Australian workers exposed to unsafe chemicals

Media Release - March 16, 2026

Outdated chemical exposure limits in Australian workplaces are exposing workers to cancer-causing chemicals, despite government experts warning more than five years ago that current limits are unsafe.

Australian Unions are calling on Federal, State and Territory Work Health and Safety Ministers to lower exposure limits for nine hazardous chemicals at the end of the month when they are due to respond to new limits recommended by Safe Work Australia.

The ACTU and five public health organisations, including the Cancer Council of Australia have written to Work Health and Safety Ministers to adopt more proactive usage levels. (See joint letter attached).  

The chemicals include the known carcinogens benzene, formaldehyde, and respirable crystalline silica, as well as chlorine, copper, hydrogen cyanide, hydrogen sulphide, nitrogen dioxide, and titanium dioxide.

Workers in demolition, housing construction and tunnelling are among those most frequently exposed to the nine chemicals.

Nurses and medical technicians who collect and preserve tissue samples are also impacted, along with workers who monitor drinking water, manufacture wood products and pharmaceuticals, and work with chemical solutions in laboratories.

Under the current chemical exposure limits, these workers face risks of cancer, lung disease, burns, poisoning, nerve damage, and reproductive harm.

Safe Work Australia first recommended lowering chemical exposure limits in 2022 after independently reviewing more than 600 workplace chemicals.

Work Health and Safety Ministers agreed to the new limits for all but nine of the chemicals; but left out this final group of nine after lobbying by employer and industry groups.

Safe Work Australia has since completed a further assessment and confirmed for a second time that the existing exposure limits for the remaining nine chemicals are failing to protect workers’ health.

Safe Work Australia’s latest recommendations would bring Australia into line with international standards. The proposed exposure limit for benzene would align with regulations in Europe; formaldehyde with those in Europe and New Zealand; and hydrogen cyanide with regulations covering most of Europe and Singapore. Limits around exposure to hydrogen sulphide would match those in Japan and several European countries. Silica standards would mirror those already in force in New Zealand and parts of Canada.

Australian Unions are calling on Federal, State and Territory Work Health and Safety Ministers to impose stricter exposure limits on the nine chemicals by adopting Safe Work Australia’s new lower recommended limits.

Quotes attributable to ACTU Assistant Secretary, Liam O’Brien:

“Sadly, more cancer cases and serious illnesses have emerged during the five years that workers have waited for tougher regulatory action to limit exposure to these nine chemicals.

“Despite our efforts to address silica dust in workplaces, workers continue to be exposed to this deadly substance at twice the safe limit.

“Our national health and safety experts have determined that current exposure limits are not safe; yet governments at all levels have not taken the advice of their own national safety experts.

“Lowering exposure limits will save lives, and that should be a good enough reason to act now. If Safe Work Australia is telling us the current exposure settings are too high to keep workers safe, then any further delays would be unforgivable.
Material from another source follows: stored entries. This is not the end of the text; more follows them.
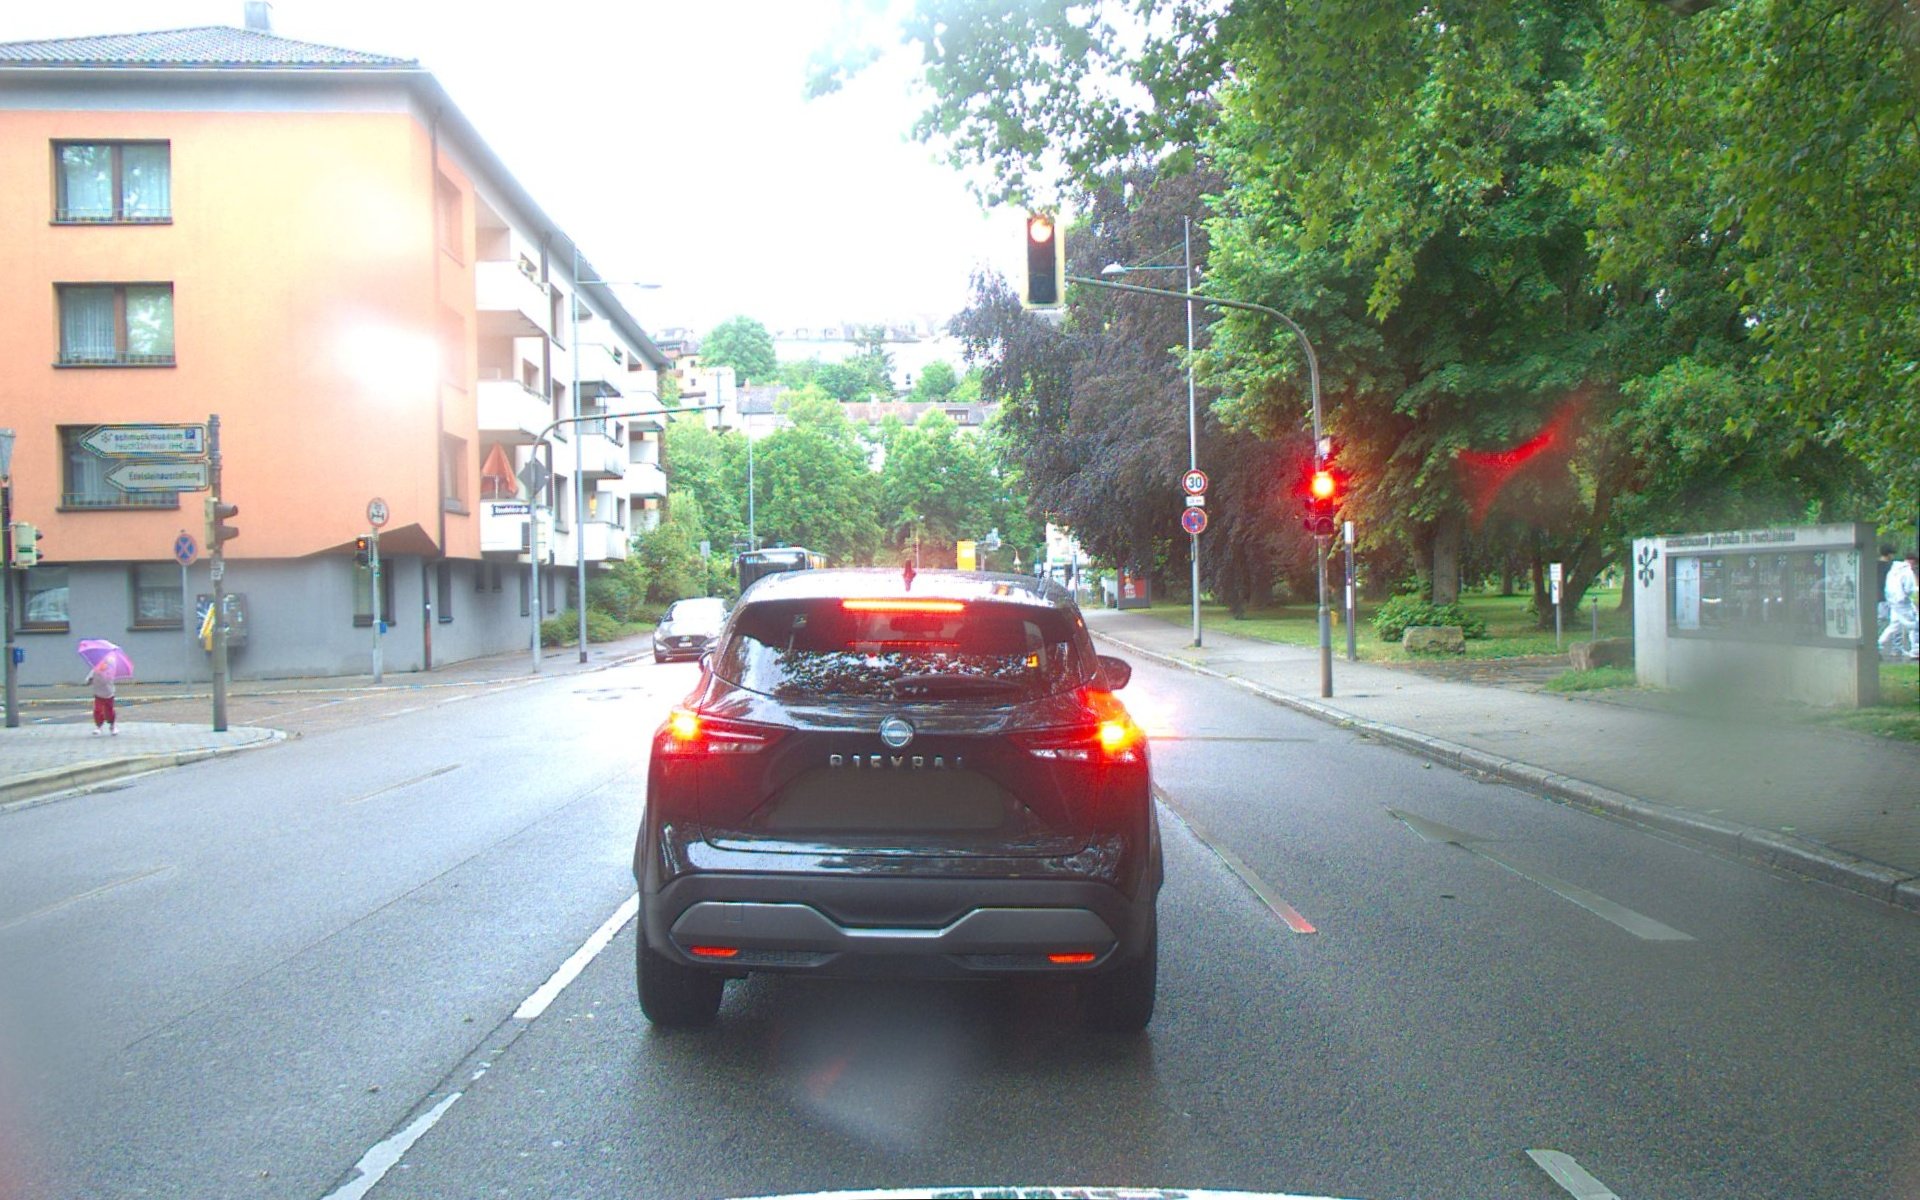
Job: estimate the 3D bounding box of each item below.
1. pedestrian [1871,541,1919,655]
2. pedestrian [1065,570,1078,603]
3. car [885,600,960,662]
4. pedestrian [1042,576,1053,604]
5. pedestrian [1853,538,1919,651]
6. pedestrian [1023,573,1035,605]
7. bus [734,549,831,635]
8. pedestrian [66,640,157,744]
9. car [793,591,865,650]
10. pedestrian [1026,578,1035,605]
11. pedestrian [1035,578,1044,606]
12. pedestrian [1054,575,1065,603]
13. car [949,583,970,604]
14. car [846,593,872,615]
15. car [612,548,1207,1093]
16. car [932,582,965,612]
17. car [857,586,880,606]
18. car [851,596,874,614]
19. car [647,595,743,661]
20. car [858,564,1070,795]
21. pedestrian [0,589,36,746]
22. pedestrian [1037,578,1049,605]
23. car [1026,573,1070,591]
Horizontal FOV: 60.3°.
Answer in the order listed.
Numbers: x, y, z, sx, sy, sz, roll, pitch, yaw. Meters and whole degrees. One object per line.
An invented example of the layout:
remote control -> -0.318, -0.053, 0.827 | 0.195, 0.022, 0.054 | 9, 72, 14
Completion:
pedestrian -> 14.756, -0.026, 25.749 | 0.651, 1.742, 0.789 | 1, -1, -9
pedestrian -> 6.173, -0.737, 91.356 | 0.606, 1.810, 0.778 | -2, 0, -1
car -> -0.941, 0.732, 41.122 | 1.772, 1.442, 4.029 | 0, 0, -2
pedestrian -> 5.765, -0.681, 109.201 | 0.606, 1.810, 0.550 | -2, 0, -1
pedestrian -> 14.896, -0.089, 26.578 | 0.651, 1.787, 0.722 | 1, -1, -9
pedestrian -> 4.740, -0.744, 113.438 | 0.752, 2.222, 0.711 | 1, -1, 2
bus -> -6.884, -0.297, 65.872 | 2.710, 3.026, 11.779 | -1, 0, -1
pedestrian -> -10.238, 1.096, 19.976 | 0.670, 1.195, 0.826 | 1, 0, -1
car -> -3.402, 0.502, 43.383 | 1.591, 1.439, 3.454 | -2, 0, 0
pedestrian -> 4.387, -0.529, 102.511 | 0.533, 1.680, 0.490 | 1, -1, 0
pedestrian -> 4.866, -0.507, 101.095 | 0.504, 1.684, 0.550 | 1, -1, -1
pedestrian -> 6.609, -0.735, 109.808 | 0.606, 1.810, 0.550 | -2, 0, -1
car -> -0.064, -0.563, 136.973 | 1.714, 1.662, 3.634 | -2, 1, 0
car -> -7.285, 0.267, 119.688 | 1.643, 1.495, 4.215 | -3, 1, -2
car -> -0.177, 0.675, 6.993 | 1.769, 1.618, 3.999 | 1, 0, -1
car -> -0.573, -0.150, 83.147 | 1.591, 1.439, 3.454 | -2, 0, 0
car -> -7.893, -0.333, 142.505 | 1.714, 1.662, 3.634 | -2, 1, 0
car -> -7.813, 0.416, 132.791 | 1.643, 1.318, 3.750 | -3, 1, -2
car -> -6.485, 0.645, 40.832 | 1.772, 1.441, 4.029 | -3, 1, -2
car -> 0.060, 0.602, 14.713 | 1.588, 1.738, 3.771 | -2, 0, 1
pedestrian -> -11.324, 0.760, 18.788 | 0.972, 1.772, 1.209 | 1, 0, -1
pedestrian -> 5.153, -0.515, 102.633 | 0.685, 1.680, 0.628 | 1, -1, 0
car -> 8.717, -1.785, 164.322 | 3.916, 1.713, 1.995 | -2, 0, -11

“Every day, tradies in construction, nurses and technicians handling tissue samples, the workers who keep our drinking water safe, pharmaceutical workers, lab assistants and wood manufacturing workers are being exposed to toxic cancer-causing chemicals at unsafe levels.

“State and Territory Work Health and Safety Ministers have an opportunity to demonstrate that workers’ lives matter more than industry pressure to keep using these chemicals at dangerous levels.

“Across Europe and in countries like Canada, New Zealand, Singapore and Japan, these chemicals have already been limited. No worker in this country should be expected to take risks that other nations have already moved to reduce.”